Потом бабушка Войцик, толстая восьмидесятидвухлетняя старуха в черном блестящем платье, ухватила меня за локоть полицейской хваткой и уставилась мне в лицо своими голубыми глазками в красных прожилках. Дыша на меня луком, бабушка заявила:

— Девочки рассказывают про Бернарда нехорошее.

«Девочки» — это тетушки.

— Они говорят, что у него на элеваторе были неприятности. Он бросился под корабль, чтобы избежать ареста, — вот что говорят.

— И кто это говорит? — поинтересовалась я.

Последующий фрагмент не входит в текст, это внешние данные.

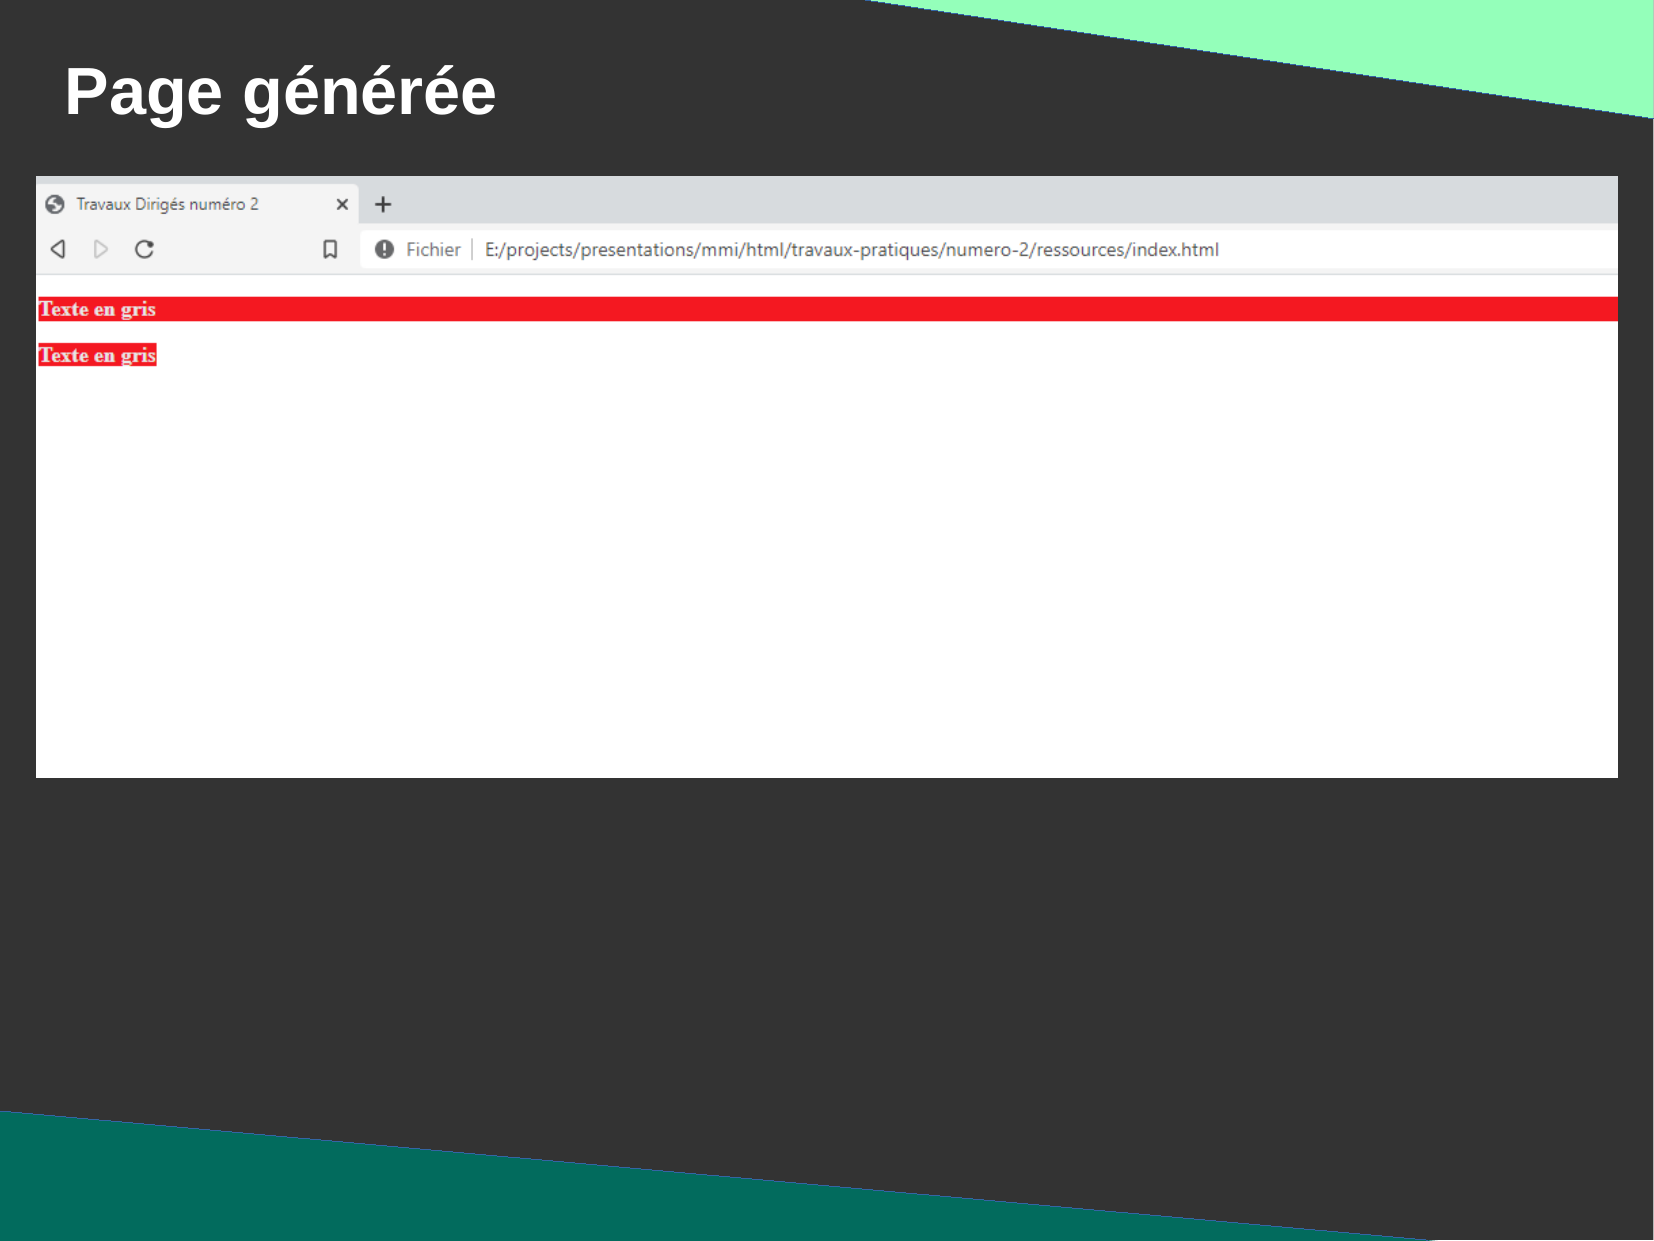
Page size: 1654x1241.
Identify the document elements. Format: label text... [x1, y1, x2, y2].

title Page générée [64, 54, 1553, 157]
picture [36, 176, 1618, 778]
text_box [865, 0, 1654, 119]
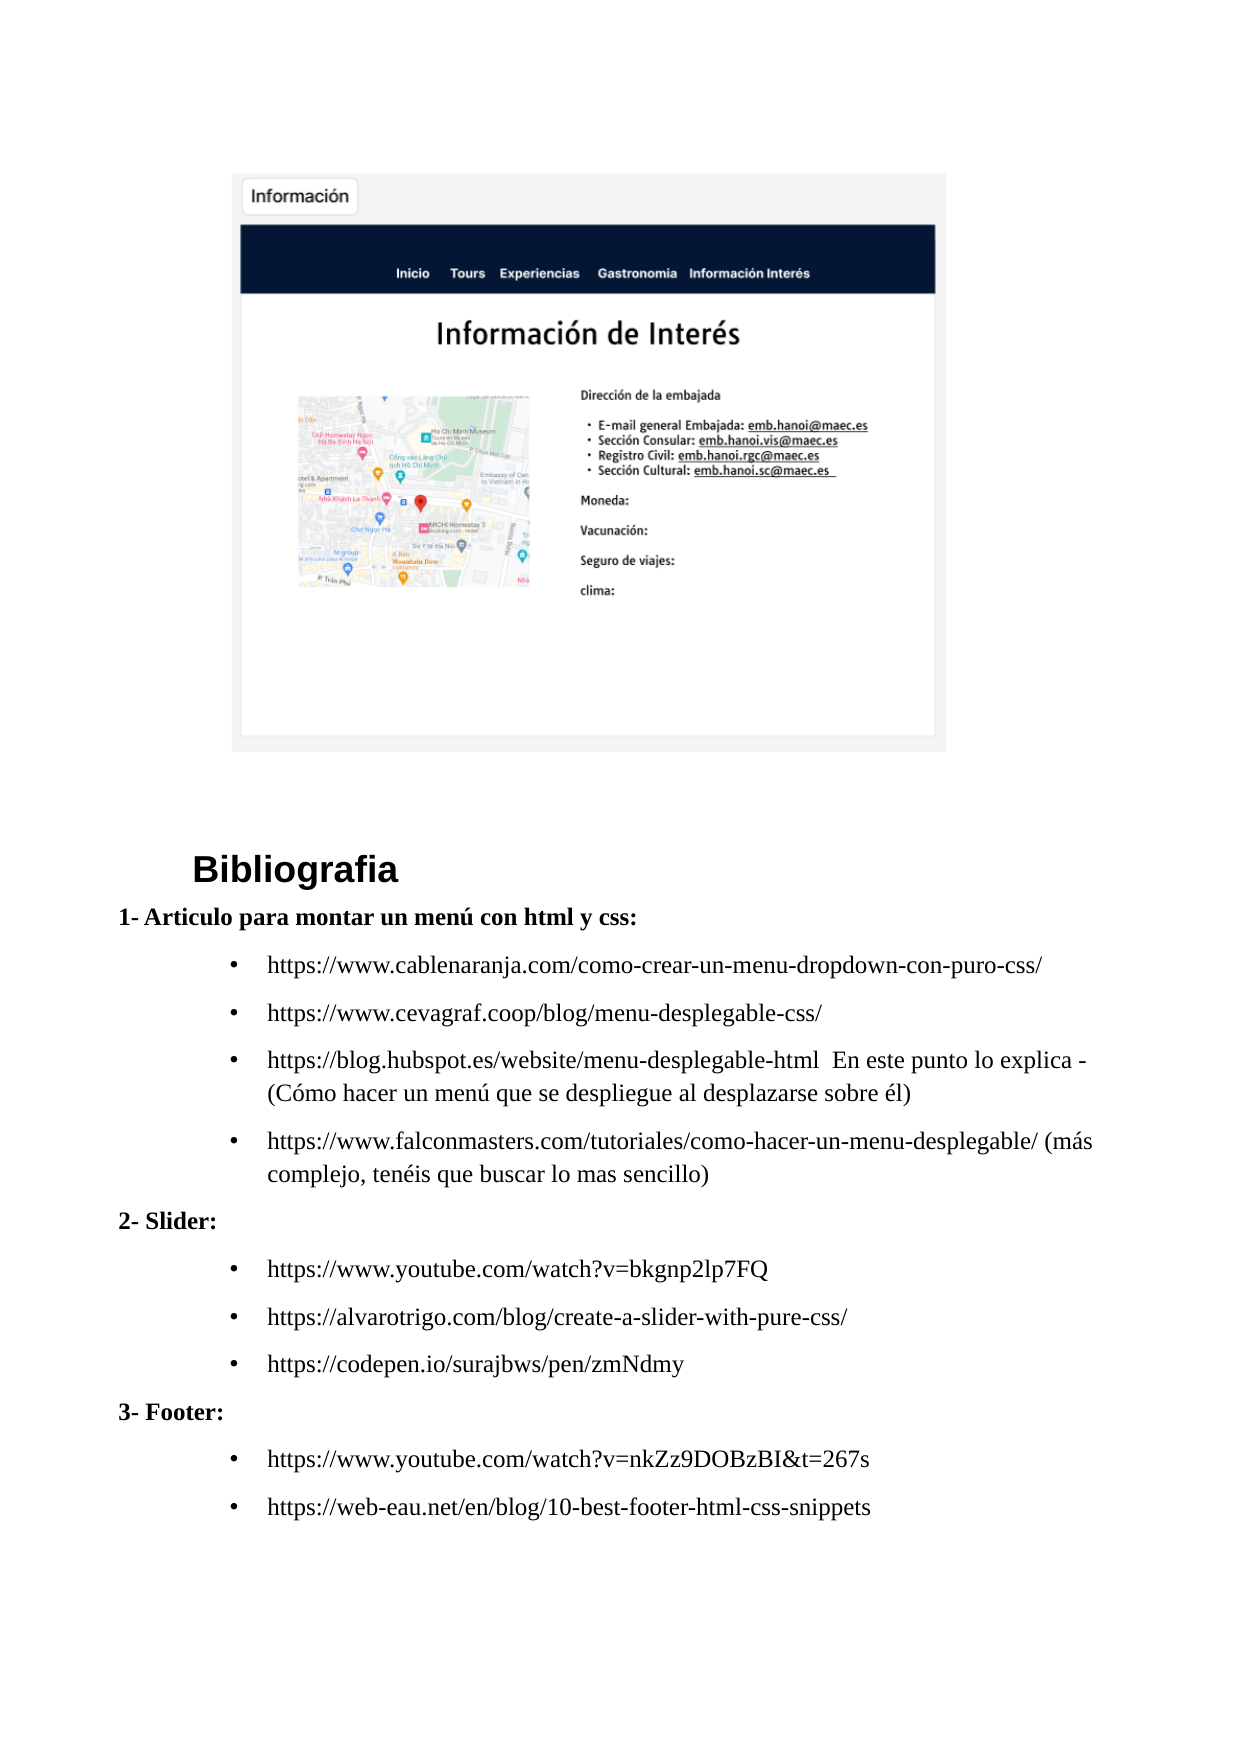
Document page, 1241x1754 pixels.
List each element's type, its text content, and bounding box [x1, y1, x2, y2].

text 3- Footer: [118, 1397, 1122, 1426]
list https://www.falconmasters.com/tutoriales/como-hacer-un-menu-desplegable/ (más complejo, tenéis que buscar lo mas sencillo) [229, 1126, 1122, 1188]
text 1- Articulo para montar un menú con html y css: [118, 902, 1122, 931]
list https://www.youtube.com/watch?v=nkZz9DOBzBI&t=267s [229, 1444, 1122, 1473]
list https://www.cablenaranja.com/como-crear-un-menu-dropdown-con-puro-css/ [229, 950, 1122, 979]
picture [231, 173, 947, 752]
list https://alvarotrigo.com/blog/create-a-slider-with-pure-css/ [229, 1302, 1122, 1330]
subtitle Bibliografia [118, 847, 1122, 890]
list https://web-eau.net/en/blog/10-best-footer-html-css-snippets [229, 1492, 1122, 1521]
text 2- Slider: [118, 1206, 1122, 1235]
list https://www.youtube.com/watch?v=bkgnp2lp7FQ [229, 1254, 1122, 1283]
list https://codepen.io/surajbws/pen/zmNdmy [229, 1349, 1122, 1378]
list https://www.cevagraf.coop/blog/menu-desplegable-css/ [229, 998, 1122, 1026]
list https://blog.hubspot.es/website/menu-desplegable-html En este punto lo explica - (Cómo hacer un menú que se despliegue al desplazarse sobre él) [229, 1045, 1122, 1107]
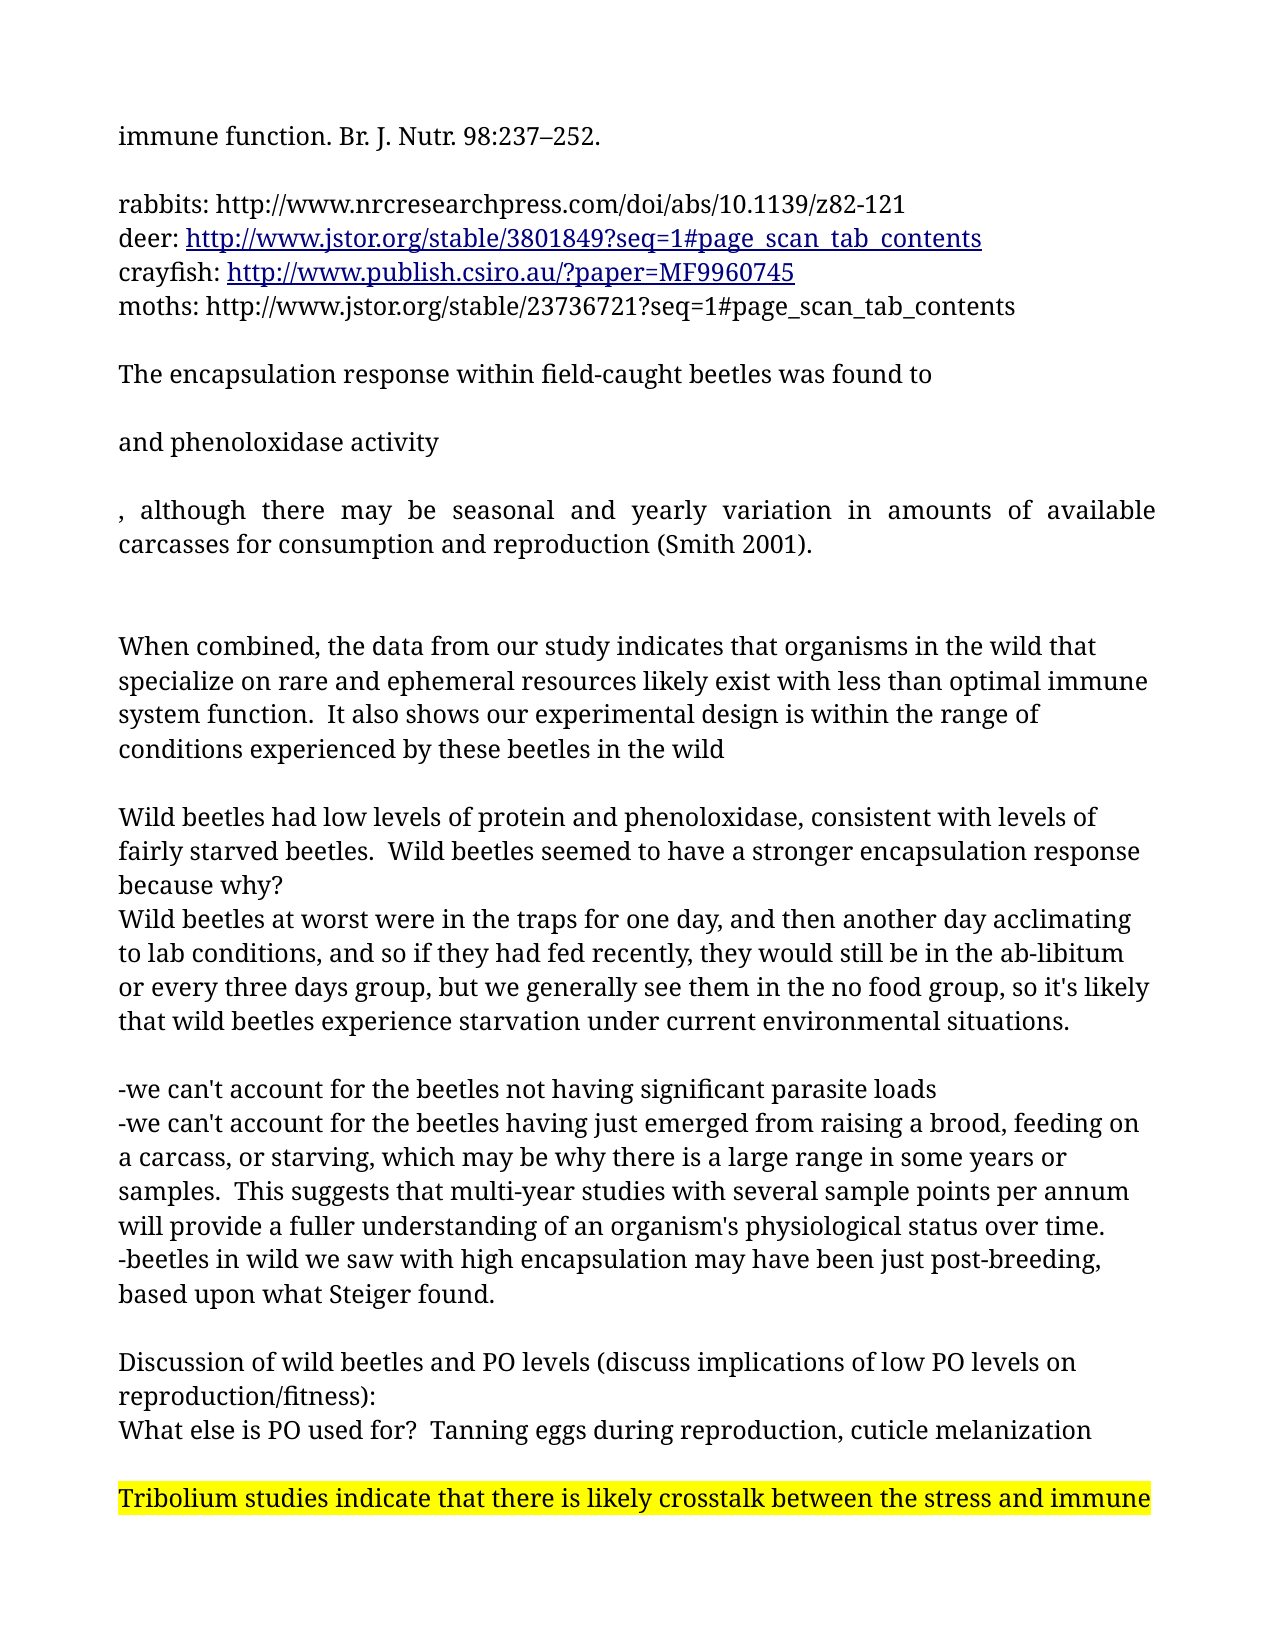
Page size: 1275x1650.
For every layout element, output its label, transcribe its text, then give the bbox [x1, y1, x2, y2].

text immune function. Br. J. Nutr. 98:237–252. [118, 118, 1157, 152]
text , although there may be seasonal and yearly variation in amounts of available carcasses for consumption and reproduction (Smith 2001). [118, 493, 1157, 561]
text -beetles in wild we saw with high encapsulation may have been just post-breeding, based upon what Steiger found. [118, 1242, 1157, 1310]
text What else is PO used for? Tanning eggs during reproduction, cuticle melanization [118, 1412, 1157, 1447]
text crayfish: http://www.publish.csiro.au/?paper=MF9960745 [118, 254, 1157, 288]
text moths: http://www.jstor.org/stable/23736721?seq=1#page_scan_tab_contents [118, 288, 1157, 322]
text -we can't account for the beetles not having significant parasite loads [118, 1072, 1157, 1106]
text Tribolium studies indicate that there is likely crosstalk between the stress and immune [118, 1481, 1157, 1515]
text and phenoloxidase activity [118, 425, 1157, 459]
text Discussion of wild beetles and PO levels (discuss implications of low PO levels on reproduction/fitness): [118, 1344, 1157, 1412]
text The encapsulation response within field-caught beetles was found to [118, 357, 1157, 391]
text When combined, the data from our study indicates that organisms in the wild that specialize on rare and ephemeral resources likely exist with less than optimal immune system function. It also shows our experimental design is within the range of conditions experienced by these beetles in the wild [118, 629, 1157, 765]
text -we can't account for the beetles having just emerged from raising a brood, feeding on a carcass, or starving, which may be why there is a large range in some years or samples. This suggests that multi-year studies with several sample points per annum will provide a fuller understanding of an organism's physiological status over time. [118, 1106, 1157, 1242]
text Wild beetles had low levels of protein and phenoloxidase, consistent with levels of fairly starved beetles. Wild beetles seemed to have a stronger encapsulation response because why? [118, 799, 1157, 902]
text rabbits: http://www.nrcresearchpress.com/doi/abs/10.1139/z82-121 [118, 186, 1157, 220]
text Wild beetles at worst were in the traps for one day, and then another day acclimating to lab conditions, and so if they had fed recently, they would still be in the ab-libitum or every three days group, but we generally see them in the no food group, so it's likely that wild beetles experience starvation under current environmental situations. [118, 902, 1157, 1038]
text deer: http://www.jstor.org/stable/3801849?seq=1#page_scan_tab_contents [118, 220, 1157, 254]

— Элен. И еще Сара и Шерил. Пит рассказал им, что Бум-Бум специально бросился в воду, выбрав момент, когда никого не было рядом. Мы, Войцики, никогда не кончаем с собой. Но вы, Варшавски... Одним словом, евреи. Сколько раз говорила я Мэри — не выходи за него замуж!

Я высвободила локоть. От дыма, шума и запаха кислой капусты все плыло перед глазами. Я уже собралась сказать старухе что-нибудь грубое, но передумала. Переступая через младенцев и дыша табачным дымом, я направилась к столу, уставленному сардельками и квашеной капустой. Там кучковались мужчины. Ах, если бы у них были такие же плотно набитые головы, как их животы, Америка могла бы спать спокойно.

— Кто из вас треплется, что Бум-Бум сам спрыгнул с причала в воду? — набросилась на них я. — Откуда вы это знаете, черт вас подери?

Пит, муж Шерил, уставился на меня тупыми голубыми глазками.

— Вик, ты чего? Об этом говорят в порту, вот и все.

— Что за неприятности были у Бум-Бума на элеваторе? Бабушка Войцик говорит, что ты рассказываешь об этом всякому встречному-поперечному?